● **Exercise prompt**: If a line below contains the string "project", copy it out.

● **Extracted entries**:
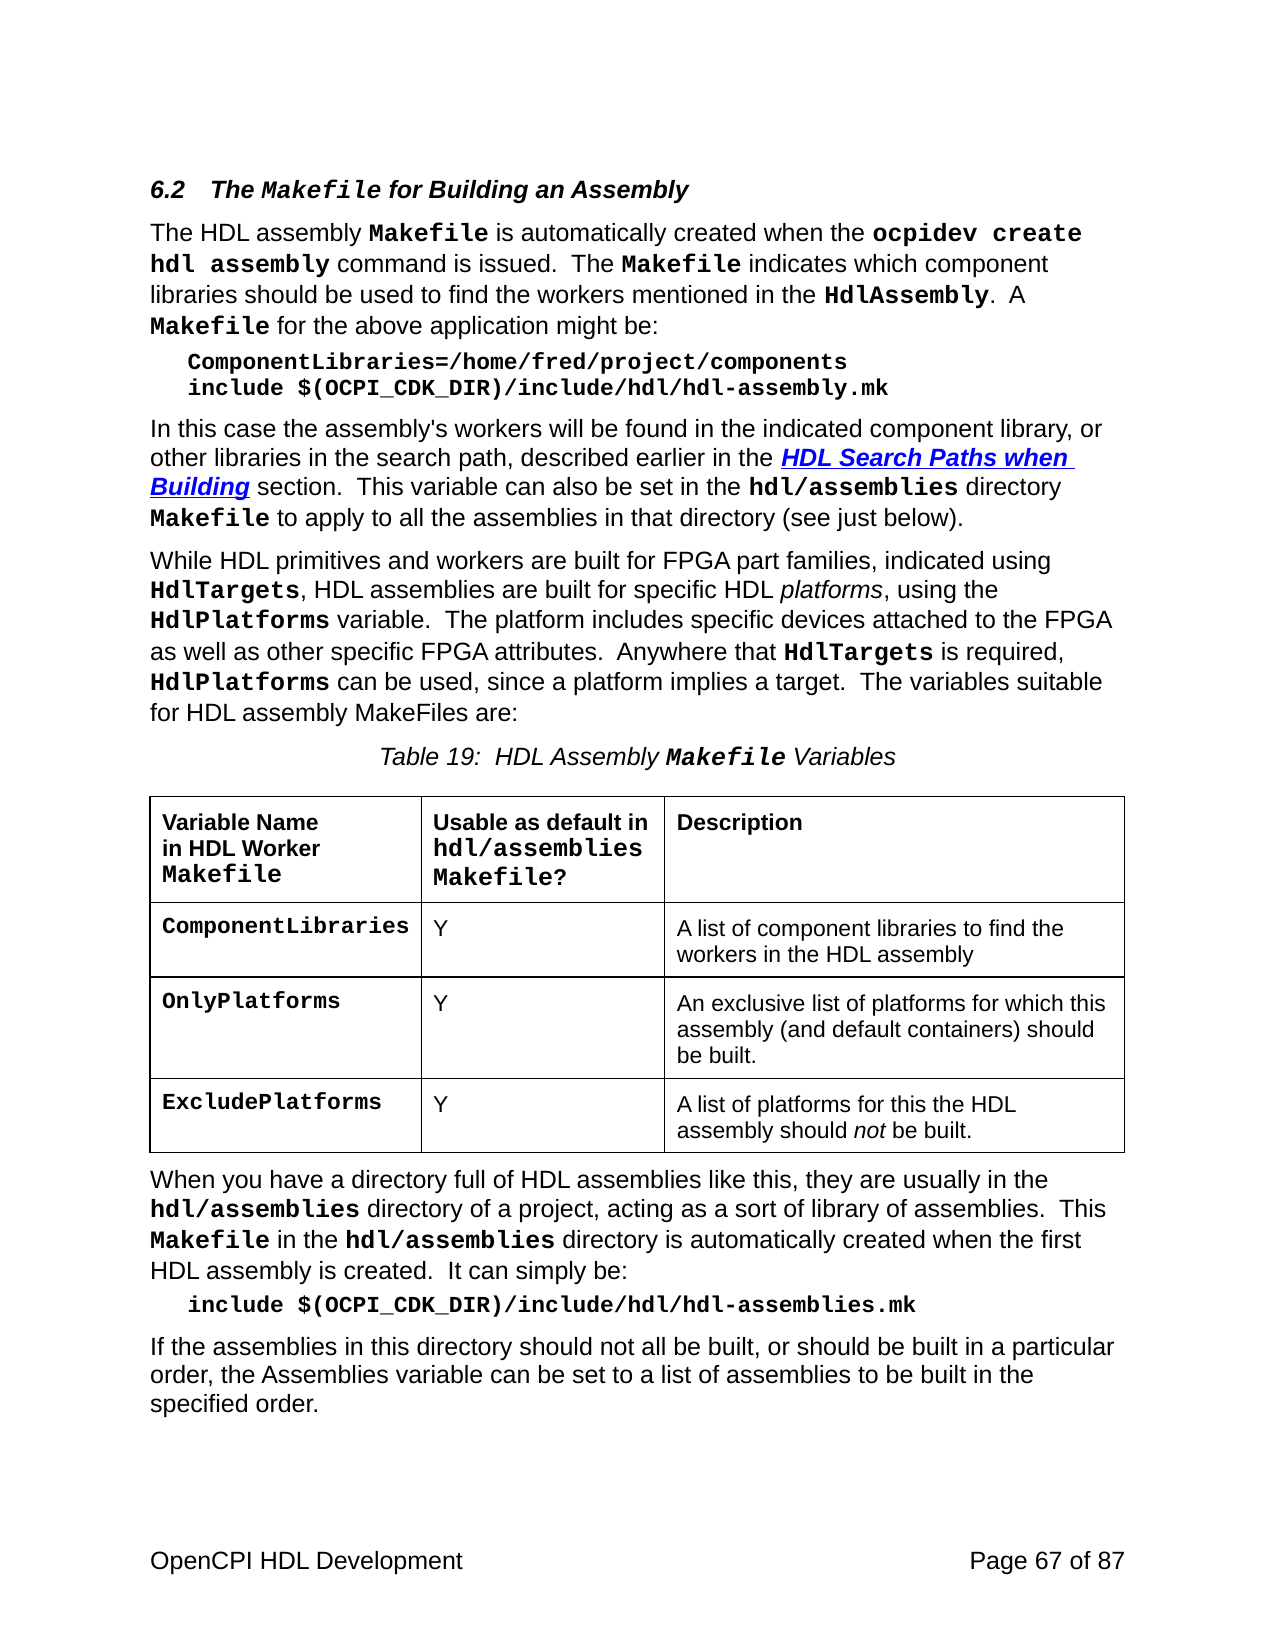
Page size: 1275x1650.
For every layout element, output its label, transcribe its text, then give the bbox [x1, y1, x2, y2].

table_cell Y [422, 978, 664, 1077]
table_cell An exclusive list of platforms for which this assembly (and default containers) should be built. [665, 978, 1124, 1077]
text ComponentLibraries=/home/fred/project/components include $(OCPI_CDK_DIR)/include/hdl/hdl-assembly.mk [187, 351, 1125, 402]
text The HDL assembly Makefile is automatically created when the ocpidev create hdl assembly command is issued. The Makefile indicates which component libraries should be used to find the workers mentioned in the HdlAssembly. A Makefile for the above application might be: [150, 218, 1125, 342]
text If the assemblies in this directory should not all be built, or should be built in a particular order, the Assemblies variable can be set to a list of assemblies to be built in the specified order. [150, 1331, 1125, 1418]
table_cell A list of platforms for this the HDL assembly should not be built. [665, 1079, 1124, 1152]
table_header Variable Name in HDL Worker Makefile [151, 797, 421, 902]
text include $(OCPI_CDK_DIR)/include/hdl/hdl-assemblies.mk [187, 1293, 1125, 1319]
text In this case the assembly's workers will be found in the indicated component library, or other libraries in the search path, described earlier in the HDL Search Paths when Building section. This variable can also be set in the hdl/assemblies directory Makefile to apply to all the assemblies in that directory (see just below). [150, 414, 1125, 534]
table_cell ComponentLibraries [151, 903, 421, 976]
subtitle The Makefile for Building an Assembly [150, 175, 1125, 206]
table_cell OnlyPlatforms [151, 978, 421, 1077]
text When you have a directory full of HDL assemblies like this, they are usually in the hdl/assemblies directory of a project, acting as a sort of library of assemblies. This Makefile in the hdl/assemblies directory is automatically created when the first HDL assembly is created. It can simply be: [150, 1165, 1125, 1284]
table_cell Y [422, 903, 664, 976]
table_header Description [665, 797, 1124, 902]
table_cell ExcludePlatforms [151, 1079, 421, 1152]
table_header Usable as default in hdl/assemblies Makefile? [422, 797, 664, 902]
text While HDL primitives and workers are built for FPGA part families, indicated using HdlTargets, HDL assemblies are built for specific HDL platforms, using the HdlPlatforms variable. The platform includes specific devices attached to the FPGA as well as other specific FPGA attributes. Anywhere that HdlTargets is required, HdlPlatforms can be used, since a platform implies a target. The variables suitable for HDL assembly MakeFiles are: [150, 546, 1125, 727]
text Table 19: HDL Assembly Makefile Variables [150, 742, 1125, 773]
table_cell A list of component libraries to find the workers in the HDL assembly [665, 903, 1124, 976]
table_cell Y [422, 1079, 664, 1152]

● **Output of the exercise**:
text ComponentLibraries=/home/fred/project/components include $(OCPI_CDK_DIR)/include/hdl/hdl-assembly.mk [187, 351, 1125, 402]
text When you have a directory full of HDL assemblies like this, they are usually in the hdl/assemblies directory of a project, acting as a sort of library of assemblies. This Makefile in the hdl/assemblies directory is automatically created when the first HDL assembly is created. It can simply be: [150, 1165, 1125, 1284]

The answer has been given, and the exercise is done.